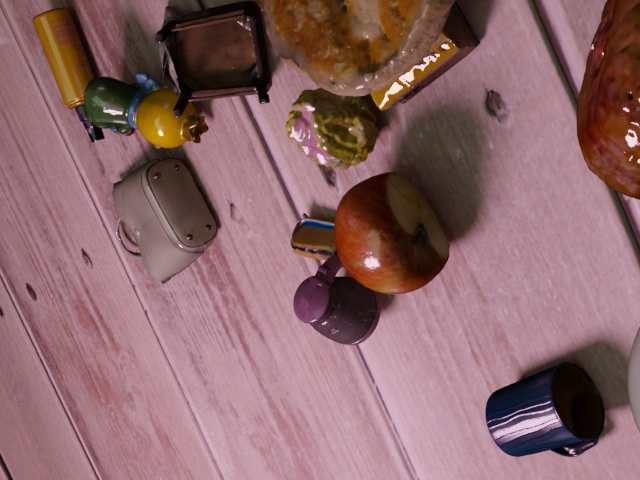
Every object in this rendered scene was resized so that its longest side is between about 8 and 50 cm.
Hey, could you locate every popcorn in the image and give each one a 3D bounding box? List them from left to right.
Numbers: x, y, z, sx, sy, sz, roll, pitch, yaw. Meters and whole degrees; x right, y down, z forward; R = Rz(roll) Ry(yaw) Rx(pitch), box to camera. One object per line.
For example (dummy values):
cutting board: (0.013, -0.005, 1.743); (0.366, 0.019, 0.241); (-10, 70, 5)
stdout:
popcorn: (0.019, -0.177, 1.322); (0.145, 0.126, 0.126); (10, 135, 7)

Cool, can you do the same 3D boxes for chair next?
chair: (-0.184, -0.317, 1.431); (0.186, 0.319, 0.160); (-11, 111, -2)

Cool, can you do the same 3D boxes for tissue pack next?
tissue pack: (0.127, -0.280, 1.205); (0.169, 0.082, 0.120); (-34, 83, 44)

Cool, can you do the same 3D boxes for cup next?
cup: (0.339, 0.272, 1.255); (0.138, 0.113, 0.150); (-34, 84, 46)

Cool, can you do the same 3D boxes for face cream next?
face cream: (-0.506, -0.336, 1.732); (0.078, 0.078, 0.273); (-10, 103, 43)

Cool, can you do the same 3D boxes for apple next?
apple: (0.104, -0.003, 1.275); (0.160, 0.195, 0.173); (-50, 44, 16)

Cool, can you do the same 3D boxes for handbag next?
handbag: (-0.341, -0.038, 1.745); (0.315, 0.109, 0.241); (-26, 91, 58)

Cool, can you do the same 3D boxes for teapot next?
teapot: (0.033, 0.101, 1.412); (0.148, 0.146, 0.116); (-45, 51, 22)

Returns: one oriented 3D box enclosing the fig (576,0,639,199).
fig: (0.465, -0.169, 0.871); (0.368, 0.286, 0.286); (7, 116, 14)

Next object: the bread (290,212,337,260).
bread: (0.000, 0.000, 1.459); (0.106, 0.053, 0.072); (12, 74, 35)

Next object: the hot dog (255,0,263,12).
hot dog: (-0.071, -0.447, 1.291); (0.123, 0.093, 0.262); (7, 113, 34)

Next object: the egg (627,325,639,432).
egg: (0.481, 0.166, 1.020); (0.203, 0.203, 0.283); (16, 124, 35)

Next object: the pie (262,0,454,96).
pie: (0.054, -0.366, 1.149); (0.339, 0.077, 0.339); (0, 90, 37)

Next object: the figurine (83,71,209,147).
figurine: (-0.319, -0.232, 1.601); (0.234, 0.185, 0.127); (10, 75, 5)
=-=-=-=-=
◆ **DIRECTIONS**: In the data, how many lines include the string "right"? Reply with only that number.

◆ **YOUR RESPONSE**: 2